Texas law provides for a cause of action known as “money had and received.” The cause of action for money had and received is equitable in nature.  The claim belongs conceptually to the doctrine of unjust enrichment and seeks equitable relief.  The question, in an action for money had and received, is to which party does the money — in equity, justice, and law — belong. As such, a plaintiff need only show that defendant holds money that in equity and good conscience belongs to him.

The Texas Supreme Court has described a cause of action for money had and received as “less restricted and fettered by technical rules and formalities than any other form of action. It aims at the abstract justice of the case, and looks solely to the inquiry, whether the defendant holds money, that belongs to the plaintiff.”  A claim for money had and received seeks to restore money where equity and good conscience require restitution; it is not premised on wrongdoing, but seeks to determine to which party the money rightfully belongs; and it seeks to prevent unconscionable loss to the payor and unjust enrichment to the payee.

Money had and received is a category of general assumpsit to restore money where equity and good conscience require refund. A cause of action for money had and received is not premised on wrongdoing, but looks only to the justice of the case and inquires whether the defendant has received money that rightfully belongs to another. In short, it is an equitable doctrine applied to prevent unjust enrichment.

A claim for money had and received is quasi-contractual in nature and is a cause of action for a debt not evidenced by a written contract between the parties. Generally, when a valid, express contract covers the subject matter of the parties’ dispute, there can be no recovery under a quasi-contract theory.  The application of this general rule in the context of a claim for money had and received, however, is somewhat unclear under Texas law, and courts have allowed such claims even where a contract exists.

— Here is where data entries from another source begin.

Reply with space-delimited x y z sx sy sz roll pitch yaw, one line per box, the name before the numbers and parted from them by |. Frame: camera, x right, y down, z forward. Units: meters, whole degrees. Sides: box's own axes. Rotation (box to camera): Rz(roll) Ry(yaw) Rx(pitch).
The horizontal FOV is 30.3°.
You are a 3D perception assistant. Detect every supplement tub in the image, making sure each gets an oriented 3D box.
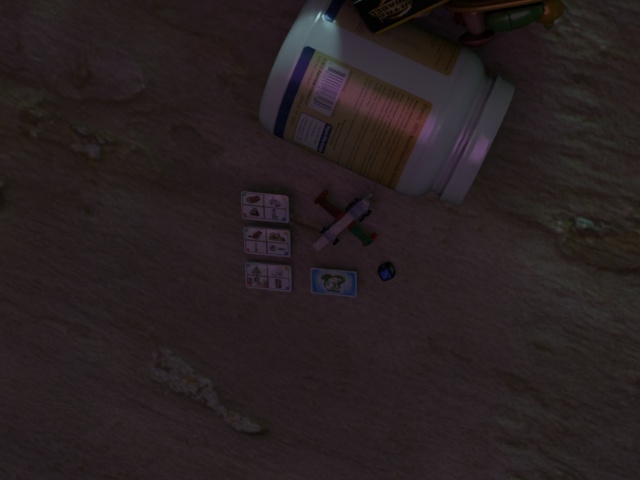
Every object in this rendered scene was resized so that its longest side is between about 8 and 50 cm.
supplement tub | 0.095 -0.200 1.685 0.316 0.228 0.228 25 111 2

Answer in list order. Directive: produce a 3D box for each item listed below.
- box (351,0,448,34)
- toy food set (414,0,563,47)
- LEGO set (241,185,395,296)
box | 0.175 -0.449 1.583 0.322 0.257 0.079 -24 141 17
toy food set | 0.249 -0.320 1.675 0.218 0.128 0.071 -6 116 14
LEGO set | 0.000 0.000 1.882 0.244 0.060 0.182 5 121 11

Recovery under a “money had and received” claim focuses on whether receiving compensation would unjustly enrich the other party, not the parties’ agreement or intent. The issue is whether the defendant received money that rightfully belonged to the plaintiff.

The elements for a successful “money had and received” claim are:

(1) the defendant has, or had, possession of money and

(2) the money belongs to the plaintiff in equity and good conscience.

Again, the plaintiff is not required to show that the defendant acted wrongfully, only that the defendant has money that rightfully belongs to the plaintiff. A defendant, however, may present any facts and raise any defenses that would deny the claimant’s right or show that in equity and good conscience the claimant should not recover.